PROFESSOR EMILY SPOTTSWOOD’S ARTICLE ACCEPTED FOR PUBLICATION BY TULANE LAW REVIEW

Professor Emily SpottswoodMay 2024 — Professor Emily Spottswood’s article, “Victims as Fact-Finders,” was accepted for publication in Volume 99 of the Tulane Law Review.

Emily Spottswood is a Visiting Professor at Penn State Dickinson Law, and her work focuses on issues relating to the fairness of the trial process. In “Victims as Fact-Finders,” she discusses the widespread tendency of both attorneys and judges to exclude the victims of past crimes from serving as jurors in criminal cases. Her article first illustrates the pervasiveness of the practice, which can arise either through a trial judge’s power to exclude jurors for cause based on potential bias, as well as through the use of peremptory strikes by trial counsel. She then shows the many harms that flow from the practice of victim-exclusion. In particular, she shows that excluding victims undermines the legitimacy of the trial process, that it worsens existing tendencies to under-represent members of marginalized communities on juries, and that it transmits harmful messages regarding the status and equality of victims as members of our civic polity. In addition, she illustrates the flaws in the oft-assumed justification for excluding victims, which is that their alleged partiality towards other victims will corrode the accuracy of trial verdicts. To the contrary, she shows how the unique knowledge that victims have as a result of their painful experiences can enrich deliberations and improve a jury’s ability to determine the truth or falsity of allegations. She concludes the piece by offering practical ways that judges can encourage jury service by victims who are willing, without creating undue risk of further traumatization through their service. She previously presented an early version of this paper at the Evidence Summer Workshop at Vanderbilt University in May of 2023.

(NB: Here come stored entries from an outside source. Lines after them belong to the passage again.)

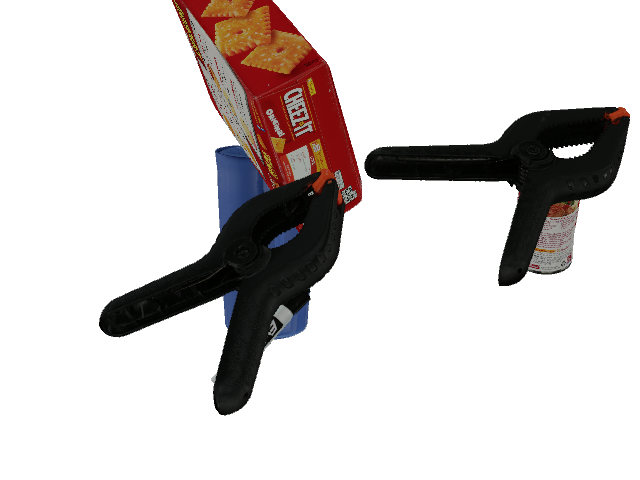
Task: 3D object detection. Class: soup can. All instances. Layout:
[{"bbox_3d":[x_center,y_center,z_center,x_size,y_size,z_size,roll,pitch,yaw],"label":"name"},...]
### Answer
[{"bbox_3d":[0.250,-0.022,1.177,0.068,0.102,0.068,-1,33,1],"label":"soup can"}]

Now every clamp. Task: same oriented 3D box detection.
[{"bbox_3d":[-0.039,0.027,0.644,0.120,0.171,0.039,40,-17,33],"label":"clamp"},{"bbox_3d":[0.161,-0.047,0.803,0.209,0.036,0.165,-20,46,-20],"label":"clamp"}]

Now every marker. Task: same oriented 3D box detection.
[{"bbox_3d":[-0.051,0.086,0.955,0.020,0.121,0.020,37,-19,15],"label":"marker"}]

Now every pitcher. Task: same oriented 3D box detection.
[{"bbox_3d":[-0.068,0.001,1.357,0.145,0.243,0.148,10,15,37],"label":"pitcher"}]

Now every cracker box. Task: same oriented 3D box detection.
[{"bbox_3d":[-0.049,-0.135,0.920,0.072,0.164,0.214,-27,48,-8],"label":"cracker box"}]
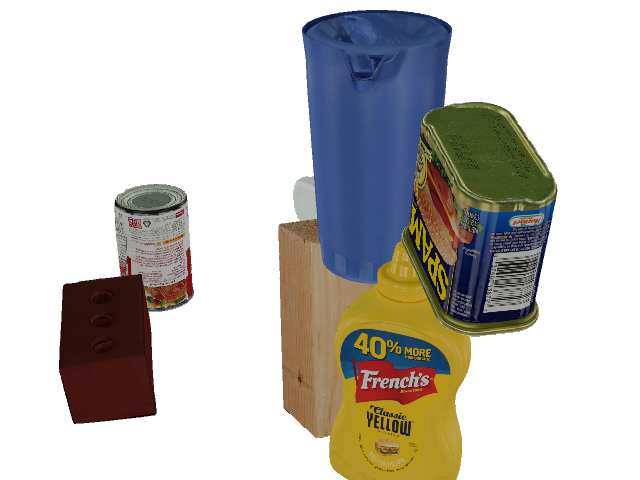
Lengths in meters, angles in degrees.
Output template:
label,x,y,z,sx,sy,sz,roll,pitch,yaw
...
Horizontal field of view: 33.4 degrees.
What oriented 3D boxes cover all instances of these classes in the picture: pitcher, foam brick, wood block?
label,x,y,z,sx,sy,sz,roll,pitch,yaw
pitcher,0.054,-0.092,1.008,0.149,0.243,0.145,-18,32,-31
foam brick,-0.133,0.068,0.669,0.053,0.051,0.078,-7,39,-7
wood block,0.015,0.086,1.110,0.090,0.206,0.091,-8,17,-24

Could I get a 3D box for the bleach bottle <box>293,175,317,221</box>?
label,x,y,z,sx,sy,sz,roll,pitch,yaw
bleach bottle,0.089,-0.084,1.314,0.103,0.068,0.250,28,45,35

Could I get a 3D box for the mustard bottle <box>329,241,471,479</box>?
label,x,y,z,sx,sy,sz,roll,pitch,yaw
mustard bottle,0.058,0.089,0.760,0.096,0.192,0.058,11,27,18

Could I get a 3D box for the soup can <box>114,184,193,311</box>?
label,x,y,z,sx,sy,sz,roll,pitch,yaw
soup can,-0.156,0.006,0.999,0.068,0.102,0.068,0,24,0

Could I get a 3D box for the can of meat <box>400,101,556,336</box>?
label,x,y,z,sx,sy,sz,roll,pitch,yaw
can of meat,0.083,-0.014,0.570,0.057,0.084,0.102,-5,38,-11
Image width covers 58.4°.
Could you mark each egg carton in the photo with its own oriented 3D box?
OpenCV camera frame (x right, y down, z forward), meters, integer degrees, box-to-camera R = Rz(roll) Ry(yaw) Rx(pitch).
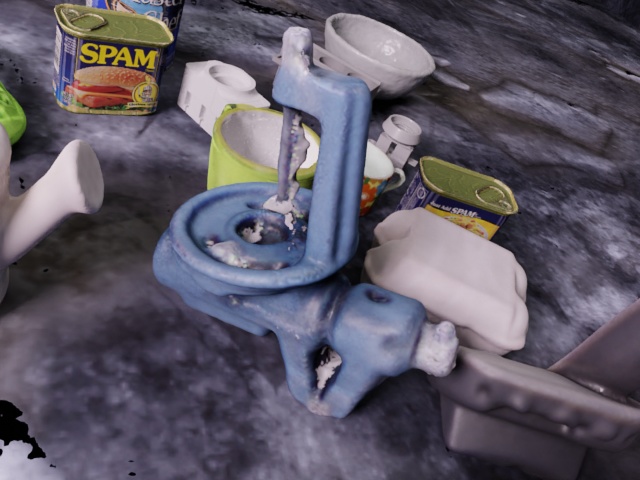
[{"bbox_3d":[0.109,0.036,0.499,0.150,0.069,0.107,25,37,-1],"label":"egg carton"}]

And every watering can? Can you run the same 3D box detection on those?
[{"bbox_3d":[-0.210,-0.041,0.302,0.173,0.194,0.100,-5,47,-34],"label":"watering can"}]

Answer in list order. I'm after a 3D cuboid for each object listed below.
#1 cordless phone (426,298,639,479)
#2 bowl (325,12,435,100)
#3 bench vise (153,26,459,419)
[{"bbox_3d":[0.171,0.076,0.392,0.148,0.185,0.094,16,38,-13],"label":"cordless phone"},{"bbox_3d":[0.075,-0.250,0.815,0.168,0.074,0.167,16,38,-13],"label":"bowl"},{"bbox_3d":[0.005,-0.006,0.364,0.207,0.219,0.121,22,37,-5],"label":"bench vise"}]
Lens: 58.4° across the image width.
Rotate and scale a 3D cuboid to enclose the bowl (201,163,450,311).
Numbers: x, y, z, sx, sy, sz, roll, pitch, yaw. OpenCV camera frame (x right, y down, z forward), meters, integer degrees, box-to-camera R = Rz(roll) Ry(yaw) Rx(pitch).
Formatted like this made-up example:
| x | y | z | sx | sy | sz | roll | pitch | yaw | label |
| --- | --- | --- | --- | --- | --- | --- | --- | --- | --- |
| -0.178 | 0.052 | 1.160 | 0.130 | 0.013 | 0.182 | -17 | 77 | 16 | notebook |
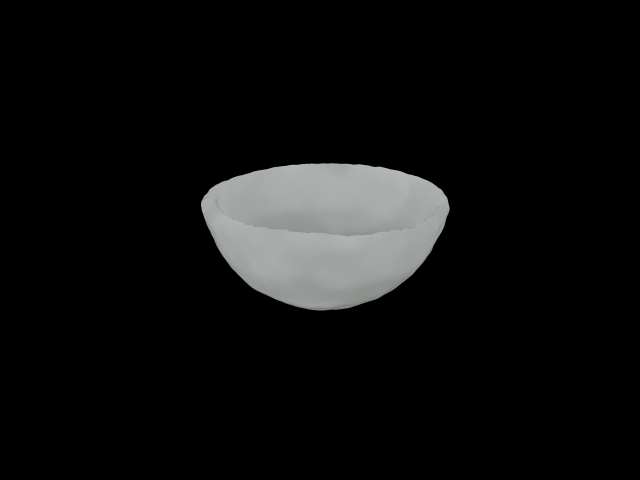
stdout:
| x | y | z | sx | sy | sz | roll | pitch | yaw | label |
| --- | --- | --- | --- | --- | --- | --- | --- | --- | --- |
| 0.004 | 0.001 | 0.400 | 0.167 | 0.075 | 0.167 | 0 | 22 | 0 | bowl |
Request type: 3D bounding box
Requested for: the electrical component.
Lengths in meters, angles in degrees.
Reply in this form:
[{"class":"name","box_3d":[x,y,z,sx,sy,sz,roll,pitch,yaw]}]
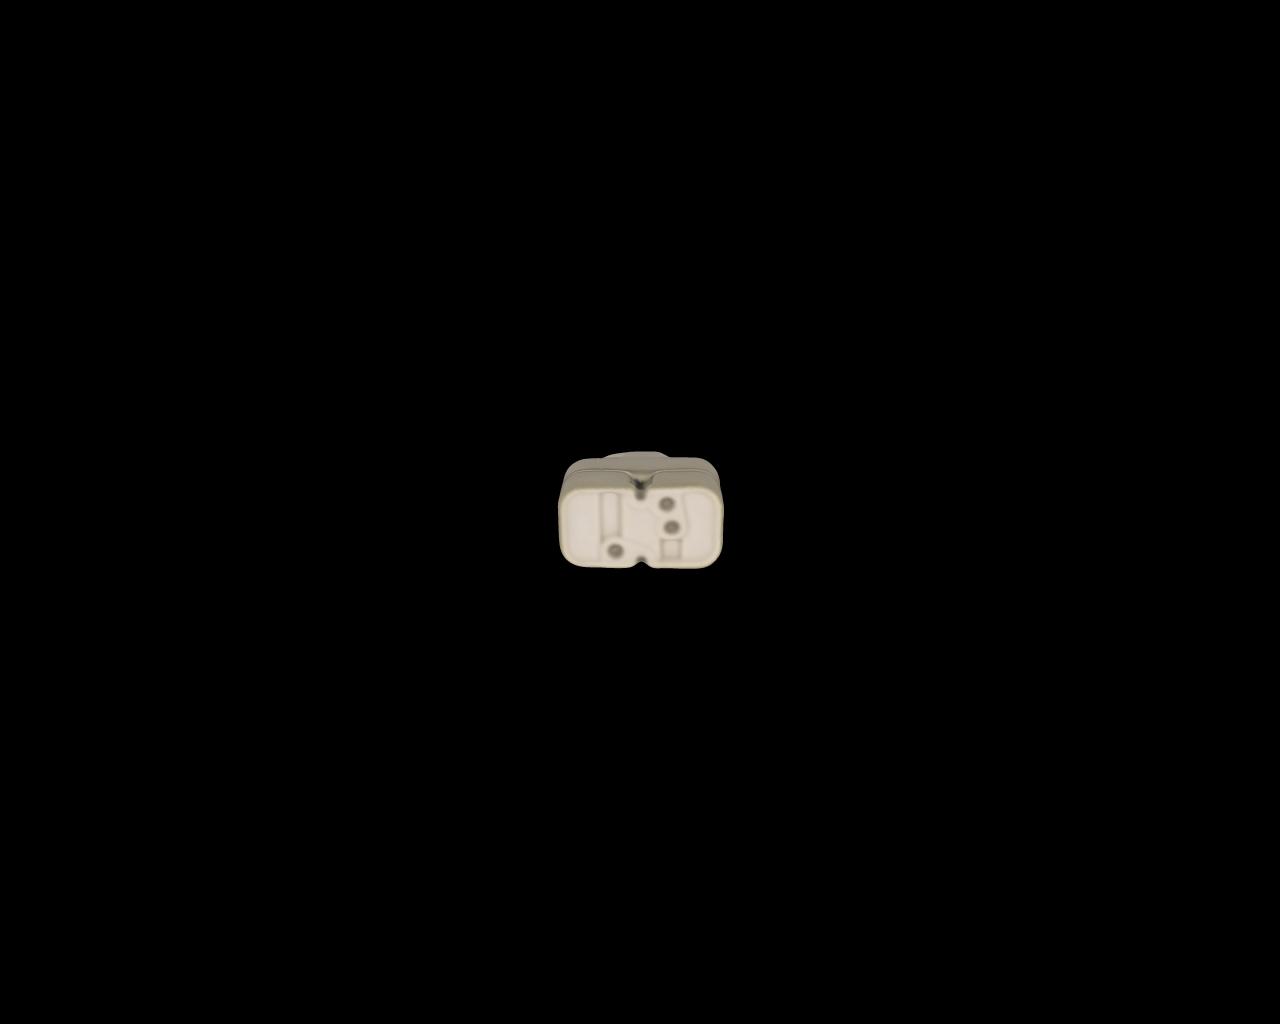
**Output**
[{"class":"electrical component","box_3d":[0.001,-0.003,0.650,0.095,0.053,0.059,0,25,0]}]
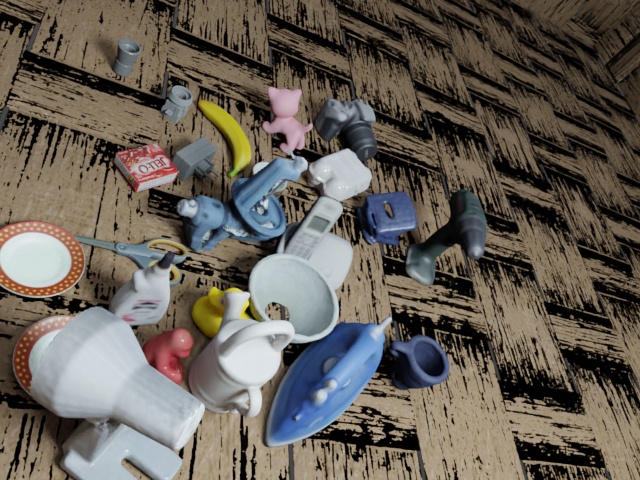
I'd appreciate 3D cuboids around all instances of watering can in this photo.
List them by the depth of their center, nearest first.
[{"bbox_3d":[-0.110,0.155,0.807,0.101,0.193,0.172,-20,70,-44],"label":"watering can"}]

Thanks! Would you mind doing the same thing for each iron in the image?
[{"bbox_3d":[0.022,0.213,0.895,0.118,0.141,0.259,45,42,4],"label":"iron"}]

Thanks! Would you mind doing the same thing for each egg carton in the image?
[{"bbox_3d":[0.044,-0.139,1.256,0.107,0.069,0.151,50,43,9],"label":"egg carton"}]

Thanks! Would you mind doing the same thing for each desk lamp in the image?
[{"bbox_3d":[-0.230,0.201,0.665,0.203,0.213,0.118,40,42,-2],"label":"desk lamp"}]

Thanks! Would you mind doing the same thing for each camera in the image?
[{"bbox_3d":[0.080,-0.265,1.364,0.144,0.100,0.136,2,55,-35],"label":"camera"}]

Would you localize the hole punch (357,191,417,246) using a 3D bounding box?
[{"bbox_3d":[0.145,-0.050,1.242,0.101,0.091,0.108,8,52,-32],"label":"hole punch"}]

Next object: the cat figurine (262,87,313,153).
[{"bbox_3d":[-0.068,-0.273,1.248,0.128,0.117,0.067,47,42,6],"label":"cat figurine"}]

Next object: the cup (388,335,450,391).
[{"bbox_3d":[0.157,0.224,1.021,0.118,0.094,0.091,27,44,-16],"label":"cup"}]

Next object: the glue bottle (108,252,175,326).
[{"bbox_3d":[-0.238,0.066,0.801,0.078,0.173,0.037,0,56,-36],"label":"glue bottle"}]

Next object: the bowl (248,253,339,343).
[{"bbox_3d":[-0.056,0.110,0.973,0.168,0.074,0.167,20,46,-22],"label":"bowl"}]

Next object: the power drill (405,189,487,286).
[{"bbox_3d":[0.271,0.003,1.203,0.076,0.208,0.229,30,43,-13],"label":"power drill"}]

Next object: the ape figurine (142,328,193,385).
[{"bbox_3d":[-0.208,0.157,0.808,0.076,0.092,0.078,33,43,-9],"label":"ape figurine"}]

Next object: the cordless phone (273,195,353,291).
[{"bbox_3d":[0.009,0.004,1.027,0.148,0.184,0.094,18,47,-24],"label":"cordless phone"}]

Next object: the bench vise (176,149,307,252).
[{"bbox_3d":[-0.121,-0.057,0.955,0.208,0.219,0.121,-23,71,-45],"label":"bench vise"}]

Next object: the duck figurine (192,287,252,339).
[{"bbox_3d":[-0.140,0.111,0.900,0.105,0.086,0.077,32,43,-11],"label":"duck figurine"}]
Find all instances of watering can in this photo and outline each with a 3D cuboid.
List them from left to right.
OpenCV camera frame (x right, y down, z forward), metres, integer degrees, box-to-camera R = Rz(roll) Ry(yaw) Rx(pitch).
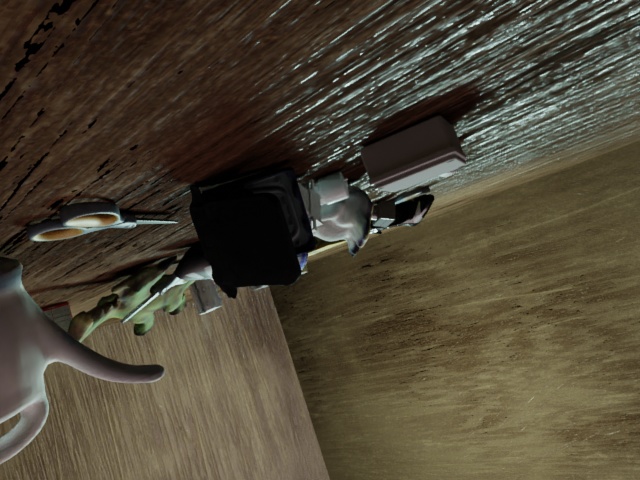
[{"bbox_3d":[-0.336,0.121,0.543,0.104,0.223,0.350,1,-168,43],"label":"watering can"}]

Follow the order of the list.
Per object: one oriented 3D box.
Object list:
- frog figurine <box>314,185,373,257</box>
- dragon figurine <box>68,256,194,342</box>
[{"bbox_3d":[0.003,-0.043,0.856,0.159,0.123,0.137,18,180,-5],"label":"frog figurine"},{"bbox_3d":[-0.342,0.099,1.087,0.415,0.122,0.239,-35,177,-27],"label":"dragon figurine"}]
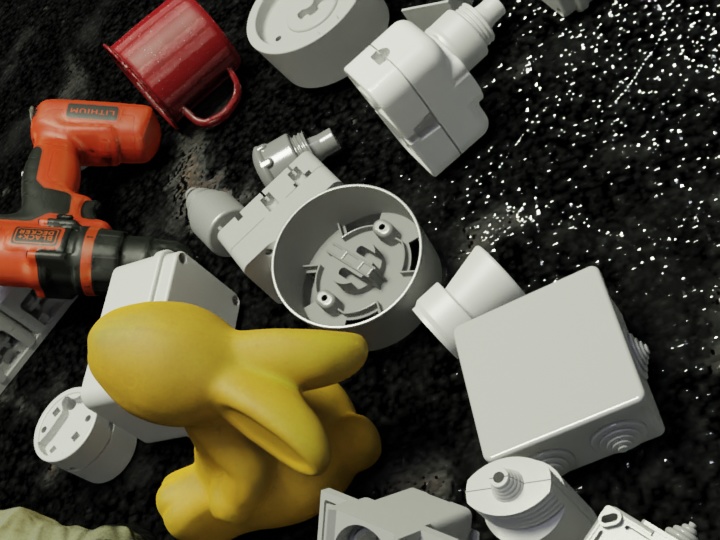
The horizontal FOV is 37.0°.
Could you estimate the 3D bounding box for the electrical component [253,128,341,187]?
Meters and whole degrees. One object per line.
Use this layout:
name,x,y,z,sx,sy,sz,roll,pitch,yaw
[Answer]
electrical component,-0.045,-0.082,0.793,0.062,0.048,0.048,-29,46,5

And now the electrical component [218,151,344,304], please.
electrical component,-0.044,-0.027,0.747,0.089,0.050,0.055,-43,44,0

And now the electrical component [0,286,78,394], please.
electrical component,-0.314,0.046,0.874,0.089,0.061,0.150,27,76,44

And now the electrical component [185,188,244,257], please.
electrical component,-0.110,-0.041,0.810,0.040,0.040,0.078,-46,45,-3

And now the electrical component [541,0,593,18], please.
electrical component,0.131,-0.240,0.761,0.057,0.078,0.113,-37,45,3

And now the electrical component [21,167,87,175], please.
electrical component,-0.271,-0.101,0.967,0.078,0.040,0.040,-27,47,17

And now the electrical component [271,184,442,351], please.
electrical component,0.000,0.000,0.686,0.099,0.064,0.099,-19,50,23

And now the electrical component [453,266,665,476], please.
electrical component,0.107,0.059,0.579,0.100,0.048,0.099,-26,47,17

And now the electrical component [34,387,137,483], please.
electrical component,-0.189,0.116,0.745,0.055,0.047,0.055,-19,50,23

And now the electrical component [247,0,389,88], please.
electrical component,-0.028,-0.193,0.850,0.108,0.060,0.108,-18,50,23

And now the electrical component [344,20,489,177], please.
electrical component,0.042,-0.117,0.720,0.059,0.095,0.053,-42,44,2

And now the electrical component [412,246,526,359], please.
electrical component,0.065,0.020,0.640,0.055,0.045,0.045,-42,45,2

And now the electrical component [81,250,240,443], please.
electrical component,-0.132,0.052,0.731,0.057,0.078,0.113,-15,51,30

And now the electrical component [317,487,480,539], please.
electrical component,0.016,0.171,0.514,0.079,0.063,0.121,12,101,40

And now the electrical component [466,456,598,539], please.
electrical component,0.084,0.117,0.529,0.043,0.081,0.043,-18,50,23

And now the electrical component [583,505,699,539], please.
electrical component,0.127,0.157,0.484,0.062,0.061,0.096,28,77,44

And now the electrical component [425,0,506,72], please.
electrical component,0.077,-0.170,0.772,0.062,0.043,0.043,-43,45,-1

Professor Emily Spottswood focuses her research on the process of fact-finding in courts, including issues in evidence law, jury decision-making, the structure of trials, and pre-trial procedure. One strand of her recent work focuses on probabilistic reasoning and the optimal structure of burdens of proof, arguing that varying sanctions continuously in response to varying levels of confidence in guilt has a number of important advantages relative to the all-or-nothing approach that presently predominates in our trial process. In other work, she has drawn attention to a number of structural biases in the design of jury trials, including problems that may stem from default approaches to the ordering of evidence as well as the suboptimality of standard jury instructions concerning conjunctive and disjunctive reasoning.